### PROBLEM DETAILS
For the data that follows, print the line with "list Betalingen waarop", the line with "text Onderdeel g", and all lines between them, exactly as they stand. Omit pictures and add nothing.

### EXERCISE DATA
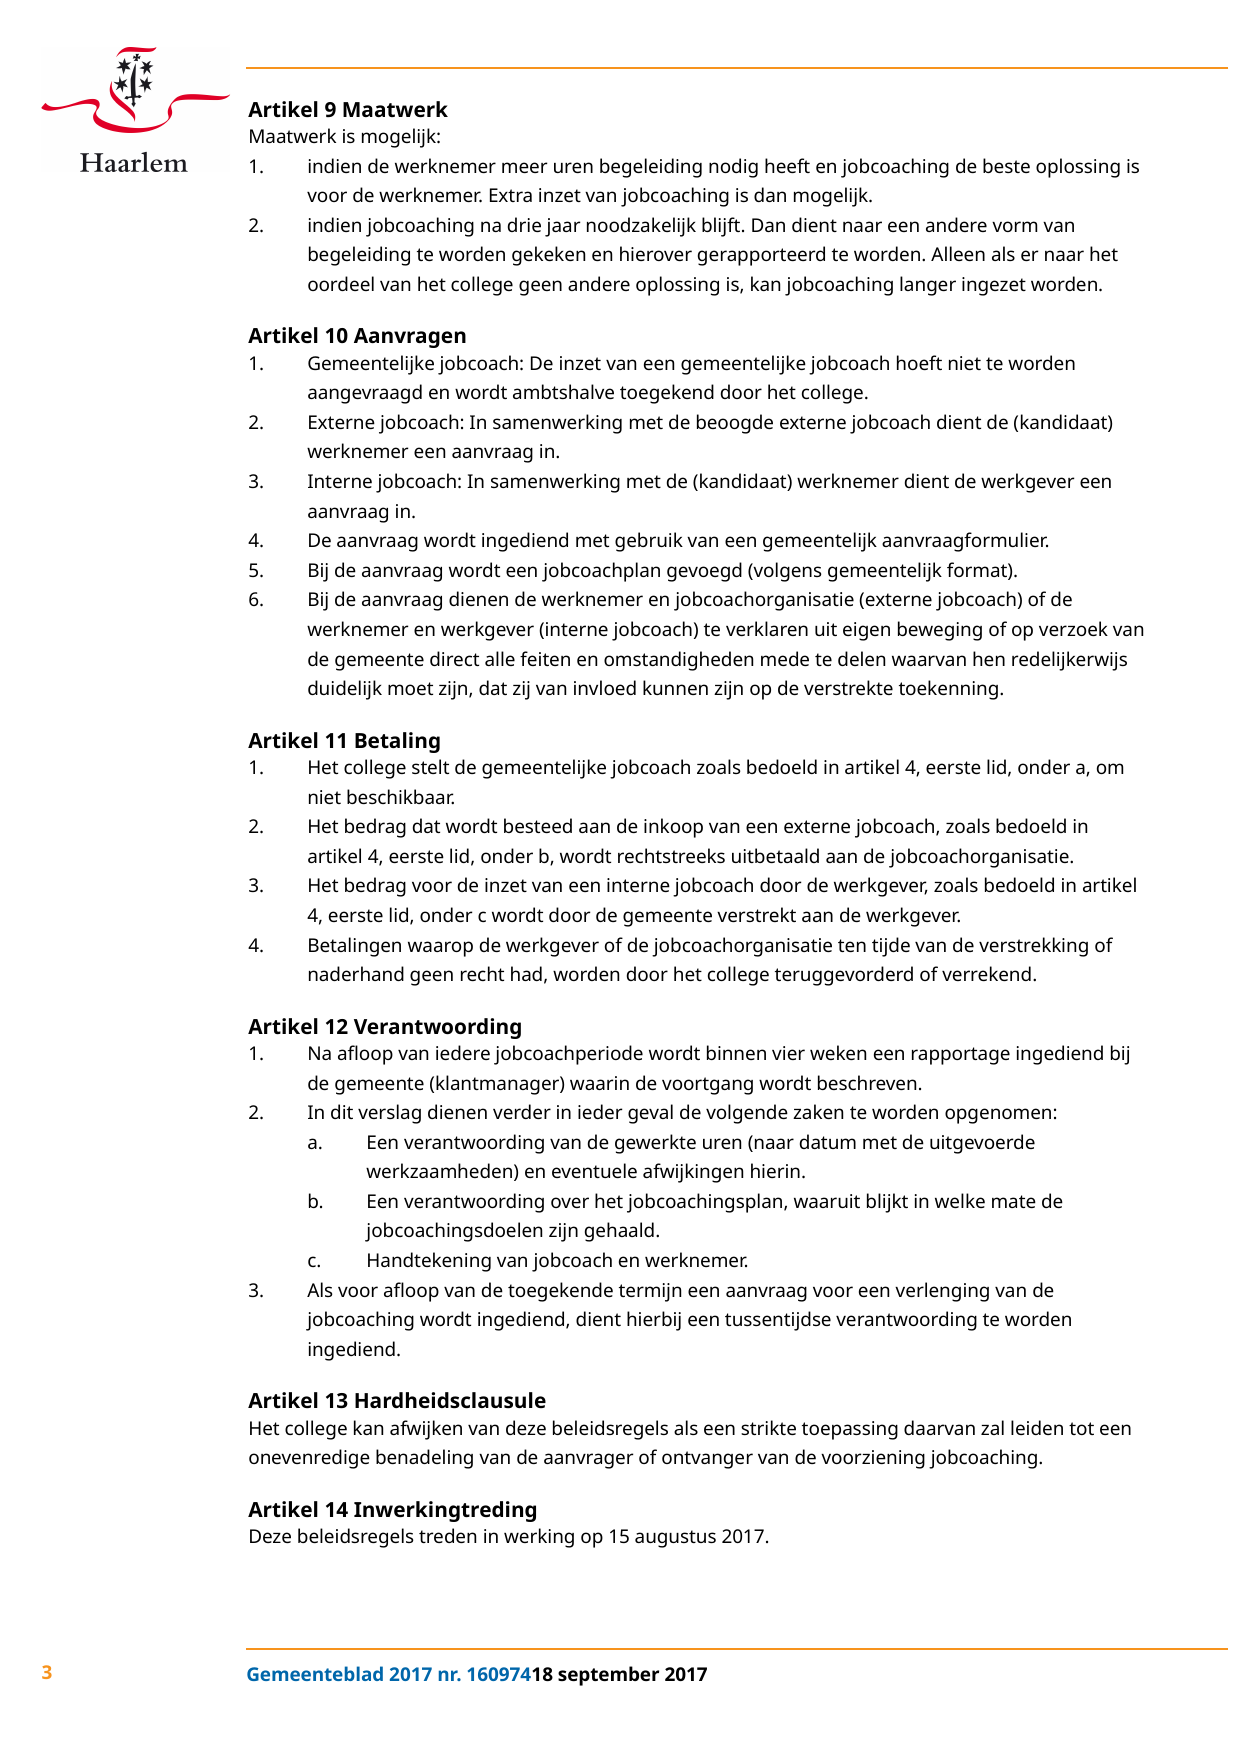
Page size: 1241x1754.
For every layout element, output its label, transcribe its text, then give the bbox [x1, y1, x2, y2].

list Het college stelt de gemeentelijke jobcoach zoals bedoeld in artikel 4, eerste lid, onder a, om niet beschikbaar. [248, 754, 1152, 809]
list Na afloop van iedere jobcoachperiode wordt binnen vier weken een rapportage ingediend bij de gemeente (klantmanager) waarin de voortgang wordt beschreven. [248, 1040, 1152, 1096]
text Deze beleidsregels treden in werking op 15 augustus 2017. [248, 1523, 1152, 1549]
list Bij de aanvraag wordt een jobcoachplan gevoegd (volgens gemeentelijk format). [248, 557, 1152, 583]
list Een verantwoording van de gewerkte uren (naar datum met de uitgevoerde werkzaamheden) en eventuele afwijkingen hierin. [307, 1129, 1152, 1184]
list Bij de aanvraag dienen de werknemer en jobcoachorganisatie (externe jobcoach) of de werknemer en werkgever (interne jobcoach) te verklaren uit eigen beweging of op verzoek van de gemeente direct alle feiten en omstandigheden mede te delen waarvan hen redelijkerwijs duidelijk moet zijn, dat zij van invloed kunnen zijn op de verstrekte toekenning. [248, 587, 1152, 701]
list Gemeentelijke jobcoach: De inzet van een gemeentelijke jobcoach hoeft niet te worden aangevraagd en wordt ambtshalve toegekend door het college. [248, 350, 1152, 405]
picture [41, 47, 231, 172]
list Externe jobcoach: In samenwerking met de beoogde externe jobcoach dient de (kandidaat) werknemer een aanvraag in. [248, 409, 1152, 464]
text Artikel 14 Inwerkingtreding [248, 1495, 1152, 1523]
list De aanvraag wordt ingediend met gebruik van een gemeentelijk aanvraagformulier. [248, 527, 1152, 553]
text Artikel 11 Betaling [248, 726, 1152, 754]
list Een verantwoording over het jobcoachingsplan, waaruit blijkt in welke mate de jobcoachingsdoelen zijn gehaald. [307, 1188, 1152, 1243]
list Handtekening van jobcoach en werknemer. [307, 1247, 1152, 1273]
list Als voor afloop van de toegekende termijn een aanvraag voor een verlenging van de jobcoaching wordt ingediend, dient hierbij een tussentijdse verantwoording te worden ingediend. [248, 1277, 1152, 1362]
text Het college kan afwijken van deze beleidsregels als een strikte toepassing daarvan zal leiden tot een onevenredige benadeling van de aanvrager of ontvanger van de voorziening jobcoaching. [248, 1415, 1152, 1470]
list indien jobcoaching na drie jaar noodzakelijk blijft. Dan dient naar een andere vorm van begeleiding te worden gekeken en hierover gerapporteerd te worden. Alleen als er naar het oordeel van het college geen andere oplossing is, kan jobcoaching langer ingezet worden. [248, 212, 1152, 297]
text Artikel 10 Aanvragen [248, 322, 1152, 350]
text Artikel 13 Hardheidsclausule [248, 1386, 1152, 1415]
list Het bedrag voor de inzet van een interne jobcoach door de werkgever, zoals bedoeld in artikel 4, eerste lid, onder c wordt door de gemeente verstrekt aan de werkgever. [248, 873, 1152, 928]
list Interne jobcoach: In samenwerking met de (kandidaat) werknemer dient de werkgever een aanvraag in. [248, 468, 1152, 524]
text Artikel 9 Maatwerk [248, 95, 1152, 123]
list In dit verslag dienen verder in ieder geval de volgende zaken te worden opgenomen: [248, 1099, 1152, 1125]
list Het bedrag dat wordt besteed aan de inkoop van een externe jobcoach, zoals bedoeld in artikel 4, eerste lid, onder b, wordt rechtstreeks uitbetaald aan de jobcoachorganisatie. [248, 813, 1152, 869]
list indien de werknemer meer uren begeleiding nodig heeft en jobcoaching de beste oplossing is voor de werknemer. Extra inzet van jobcoaching is dan mogelijk. [248, 153, 1152, 208]
list Betalingen waarop de werkgever of de jobcoachorganisatie ten tijde van de verstrekking of naderhand geen recht had, worden door het college teruggevorderd of verrekend. [248, 932, 1152, 987]
text Artikel 12 Verantwoording [248, 1012, 1152, 1040]
text Maatwerk is mogelijk: [248, 123, 1152, 149]
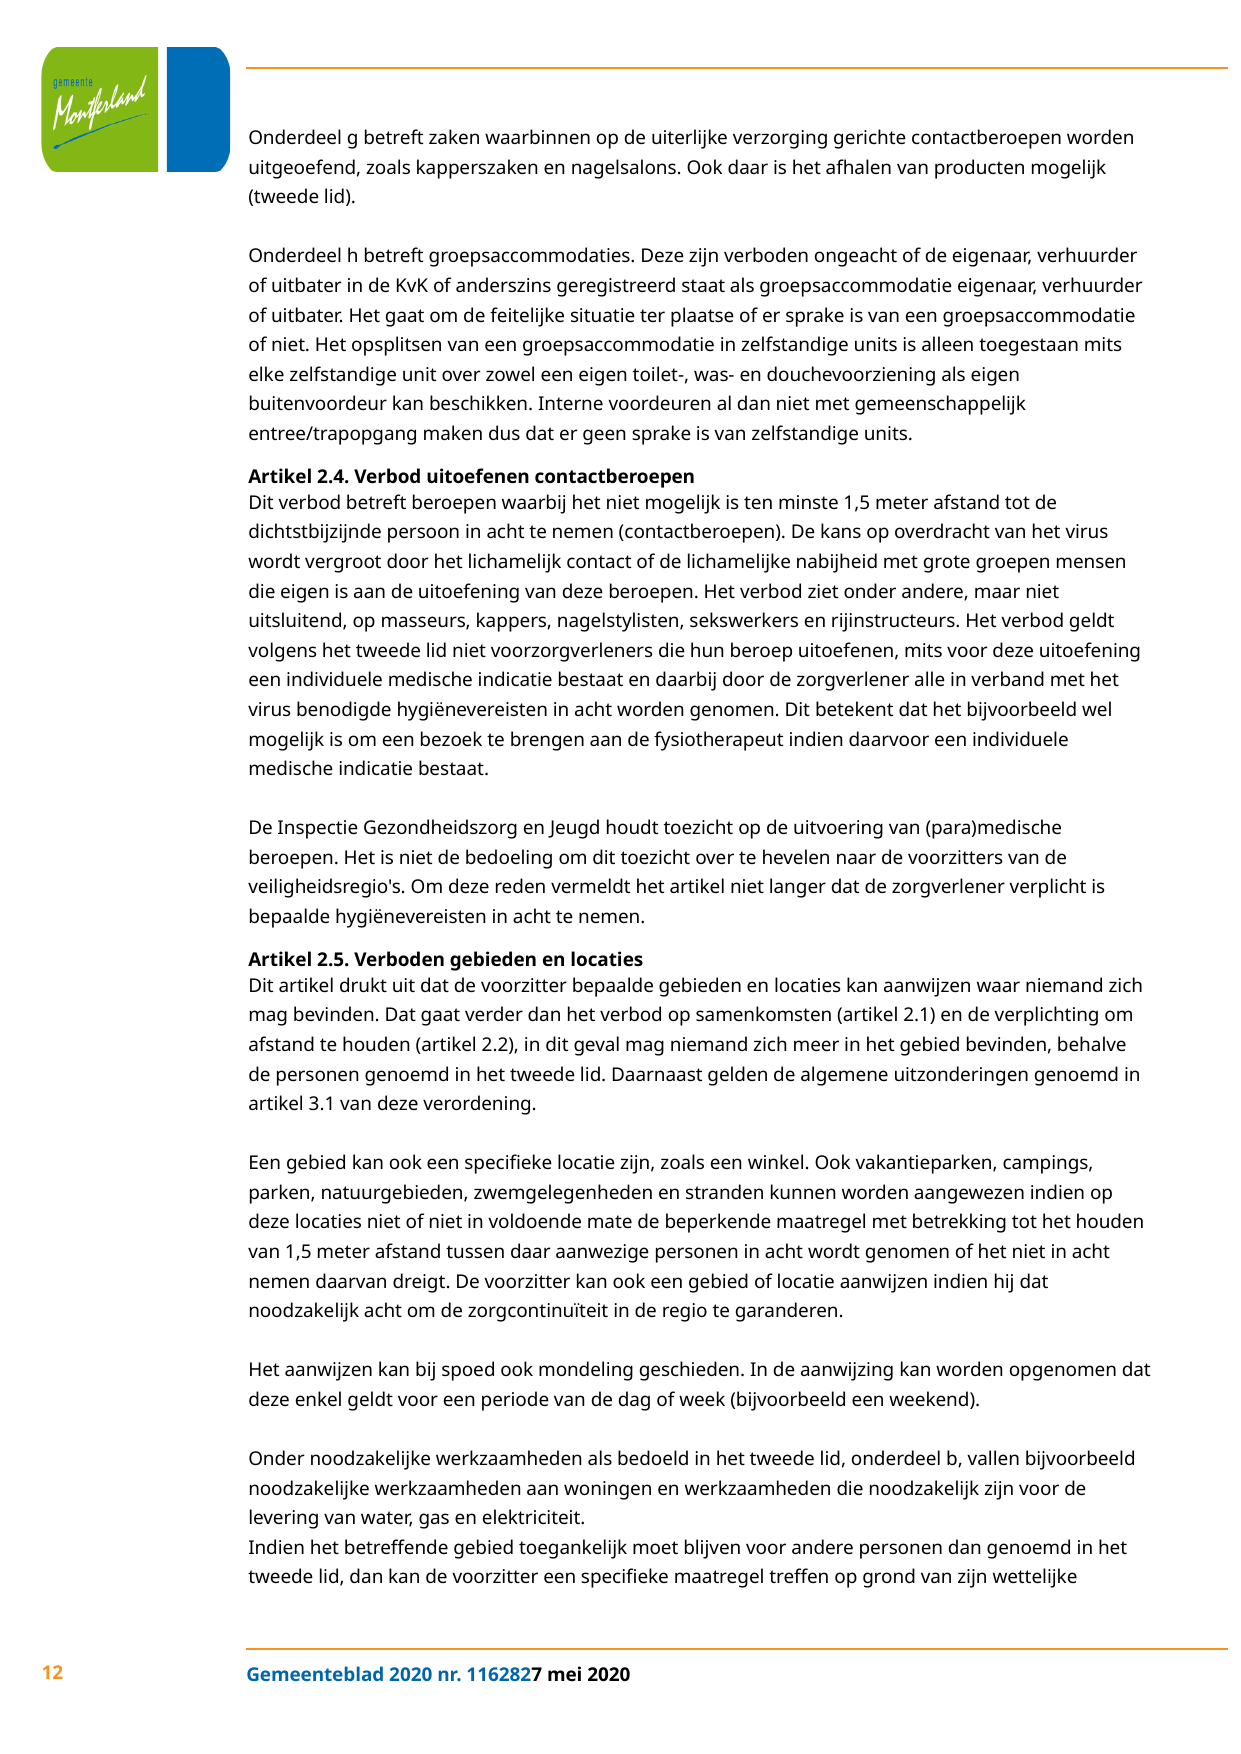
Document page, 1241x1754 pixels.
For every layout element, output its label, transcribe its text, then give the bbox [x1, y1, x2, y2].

text Onderdeel g betreft zaken waarbinnen op de uiterlijke verzorging gerichte contactberoepen worden uitgeoefend, zoals kapperszaken en nagelsalons. Ook daar is het afhalen van producten mogelijk (tweede lid). [248, 124, 1152, 209]
text Dit verbod betreft beroepen waarbij het niet mogelijk is ten minste 1,5 meter afstand tot de dichtstbijzijnde persoon in acht te nemen (contactberoepen). De kans op overdracht van het virus wordt vergroot door het lichamelijk contact of de lichamelijke nabijheid met grote groepen mensen die eigen is aan de uitoefening van deze beroepen. Het verbod ziet onder andere, maar niet uitsluitend, op masseurs, kappers, nagelstylisten, sekswerkers en rijinstructeurs. Het verbod geldt volgens het tweede lid niet voorzorgverleners die hun beroep uitoefenen, mits voor deze uitoefening een individuele medische indicatie bestaat en daarbij door de zorgverlener alle in verband met het virus benodigde hygiënevereisten in acht worden genomen. Dit betekent dat het bijvoorbeeld wel mogelijk is om een bezoek te brengen aan de fysiotherapeut indien daarvoor een individuele medische indicatie bestaat. [248, 489, 1152, 781]
text Artikel 2.4. Verbod uitoefenen contactberoepen [248, 463, 1152, 489]
text De Inspectie Gezondheidszorg en Jeugd houdt toezicht op de uitvoering van (para)medische beroepen. Het is niet de bedoeling om dit toezicht over te hevelen naar de voorzitters van de veiligheidsregio's. Om deze reden vermeldt het artikel niet langer dat de zorgverlener verplicht is bepaalde hygiënevereisten in acht te nemen. [248, 814, 1152, 929]
text Het aanwijzen kan bij spoed ook mondeling geschieden. In de aanwijzing kan worden opgenomen dat deze enkel geldt voor een periode van de dag of week (bijvoorbeeld een weekend). [248, 1357, 1152, 1412]
picture [41, 47, 231, 172]
text Een gebied kan ook een specifieke locatie zijn, zoals een winkel. Ook vakantieparken, campings, parken, natuurgebieden, zwemgelegenheden en stranden kunnen worden aangewezen indien op deze locaties niet of niet in voldoende mate de beperkende maatregel met betrekking tot het houden van 1,5 meter afstand tussen daar aanwezige personen in acht wordt genomen of het niet in acht nemen daarvan dreigt. De voorzitter kan ook een gebied of locatie aanwijzen indien hij dat noodzakelijk acht om de zorgcontinuïteit in de regio te garanderen. [248, 1149, 1152, 1323]
text Dit artikel drukt uit dat de voorzitter bepaalde gebieden en locaties kan aanwijzen waar niemand zich mag bevinden. Dat gaat verder dan het verbod op samenkomsten (artikel 2.1) en de verplichting om afstand te houden (artikel 2.2), in dit geval mag niemand zich meer in het gebied bevinden, behalve de personen genoemd in het tweede lid. Daarnaast gelden de algemene uitzonderingen genoemd in artikel 3.1 van deze verordening. [248, 972, 1152, 1116]
text Artikel 2.5. Verboden gebieden en locaties [248, 946, 1152, 972]
text Onder noodzakelijke werkzaamheden als bedoeld in het tweede lid, onderdeel b, vallen bijvoorbeeld noodzakelijke werkzaamheden aan woningen en werkzaamheden die noodzakelijk zijn voor de levering van water, gas en elektriciteit. [248, 1445, 1152, 1530]
text Indien het betreffende gebied toegankelijk moet blijven voor andere personen dan genoemd in het tweede lid, dan kan de voorzitter een specifieke maatregel treffen op grond van zijn wettelijke [248, 1534, 1152, 1589]
text Onderdeel h betreft groepsaccommodaties. Deze zijn verboden ongeacht of de eigenaar, verhuurder of uitbater in de KvK of anderszins geregistreerd staat als groepsaccommodatie eigenaar, verhuurder of uitbater. Het gaat om de feitelijke situatie ter plaatse of er sprake is van een groepsaccommodatie of niet. Het opsplitsen van een groepsaccommodatie in zelfstandige units is alleen toegestaan mits elke zelfstandige unit over zowel een eigen toilet-, was- en douchevoorziening als eigen buitenvoordeur kan beschikken. Interne voordeuren al dan niet met gemeenschappelijk entree/trapopgang maken dus dat er geen sprake is van zelfstandige units. [248, 243, 1152, 446]

### RESPONSE BOX
list Betalingen waarop de werkgever of de jobcoachorganisatie ten tijde van de verstrekking of naderhand geen recht had, worden door het college teruggevorderd of verrekend. [248, 932, 1152, 987]
text Artikel 12 Verantwoording [248, 1012, 1152, 1040]
text Maatwerk is mogelijk: [248, 123, 1152, 149]
Document page, 1241x1754 pixels.
For every layout element, output its label, transcribe its text, then give the bbox [x1, y1, x2, y2].

text Onderdeel g betreft zaken waarbinnen op de uiterlijke verzorging gerichte contactberoepen worden uitgeoefend, zoals kapperszaken en nagelsalons. Ook daar is het afhalen van producten mogelijk (tweede lid). [248, 124, 1152, 209]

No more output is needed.